Host Nation Support: Zivile Infrastruktur mitnutzen
Auch der so genannte Host Nation Support wurde ausgeplant. Immer wenn ausländische Streitkräfte die Bundesrepublik durchqueren, benötigen sie diese vielfältige, nicht nur logistische Unterstützung. Die Übungsteilnehmerinnen und -teilnehmer planten mögliche Routenverläufe für den Transit von Partnerstreitkräfte aus.
Dabei ging es nicht allein um die optimale Streckenführung, zum Beispiel weil Baustellen umfahren oder Brückenlasten zu beachten sind. Die Soldatinnen und Soldaten müssen auch entlang der Strecke untergebracht, verpflegt und gegebenenfalls medizinisch versorgt werden. Die Möglichkeit, Fahrzeuge zu tanken oder auch zu reparieren, muss ebenso eingeplant werden. Denn ein Militärkonvoi kann schon aus Gründen der militärischen Sicherheit nicht einfach an einer Raststätte Pause machen, selbst wenn sie groß genug wäre. Auch können nicht überall Kasernen oder Übungsplätze angefahren werden.

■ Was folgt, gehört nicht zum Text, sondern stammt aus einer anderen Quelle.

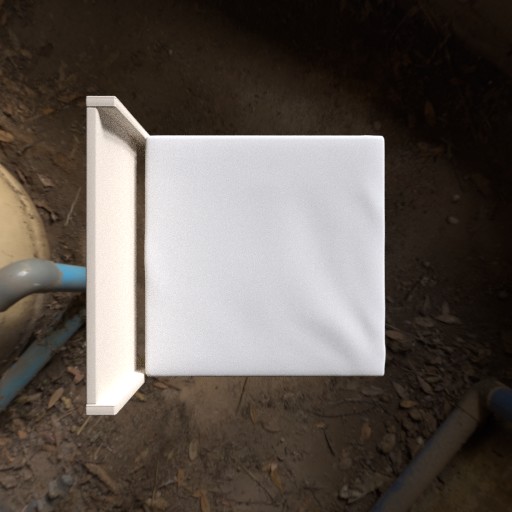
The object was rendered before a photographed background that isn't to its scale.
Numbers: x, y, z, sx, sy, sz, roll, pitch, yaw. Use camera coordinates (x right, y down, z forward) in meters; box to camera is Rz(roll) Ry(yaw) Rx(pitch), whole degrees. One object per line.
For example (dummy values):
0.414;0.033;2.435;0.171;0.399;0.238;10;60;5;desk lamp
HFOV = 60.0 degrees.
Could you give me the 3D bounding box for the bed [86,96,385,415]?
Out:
0.000;0.000;3.686;2.293;1.471;2.145;0;90;0;bed
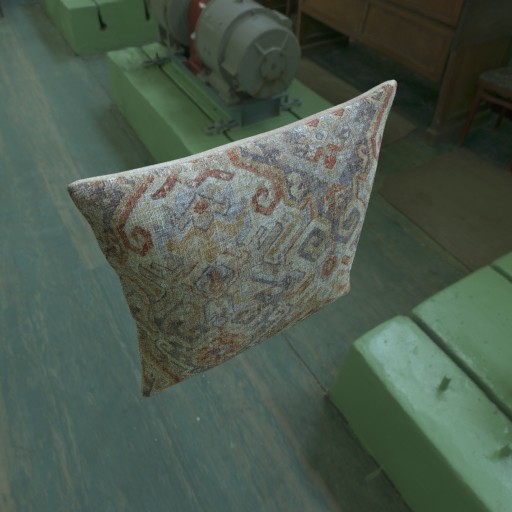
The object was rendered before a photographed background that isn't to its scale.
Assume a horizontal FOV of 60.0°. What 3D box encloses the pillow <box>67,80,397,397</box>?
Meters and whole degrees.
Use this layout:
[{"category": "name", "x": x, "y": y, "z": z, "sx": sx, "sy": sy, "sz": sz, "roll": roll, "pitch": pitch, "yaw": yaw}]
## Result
[{"category": "pillow", "x": 0.000, "y": 0.000, "z": 0.781, "sx": 0.523, "sy": 0.506, "sz": 0.166, "roll": -24, "pitch": 51, "yaw": -21}]
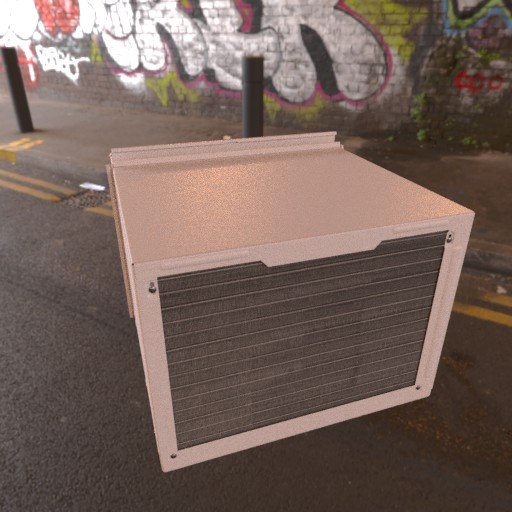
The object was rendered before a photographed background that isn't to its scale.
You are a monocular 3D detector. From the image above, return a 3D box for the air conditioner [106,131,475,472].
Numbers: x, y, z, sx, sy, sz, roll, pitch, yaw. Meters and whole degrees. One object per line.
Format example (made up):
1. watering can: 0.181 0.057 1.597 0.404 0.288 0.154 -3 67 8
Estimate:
1. air conditioner: 0.000 0.000 0.870 0.503 0.388 0.546 -9 29 -17

Die Übungsteilnehmenden suchten somit nach geeigneter ziviler Infrastruktur wie Fabrikgeländen, Lagerhallen oder Großparkplätzen, um Versorgungspunkte für ausländische Truppen auf ihrem Marsch durch Deutschland schaffen zu können. Personal- und Materialaufwand wurden kalkuliert, aber auch Ausweichrouten und -punkte geplant, falls eine Strecke nicht befahrbar ist, beispielsweise aus Witterungsgründen oder durch Sabotage.
Mehr als ein Planspiel: Praxistest im Jahr 2024
Die Übung Standhafter Bär 23 war dabei mehr als ein theoretisches Planspiel. Sie diente der direkten Vorbereitung für zwei 2024 anstehende Großübungen: Steadfast Defender, eine großangelegte Verlegeübung USUnited States-amerikanischer Streitkräfte nach und durch Europa, sowie Quadriga 24, ein multinational ausgerichtetes Übungscluster der Bundeswehr mit mehreren 10.000 beteiligten Soldatinnen und Soldaten. So müssen sich die Planungen und Prozesse, die bei Standhafter Bär 23 entwickelt wurden und in den kommenden Monaten weiter ausgearbeitet werden, dann im Praxistest beweisen. Noch bestehende Fähigkeitslücken können so schnell identifiziert und behoben werden.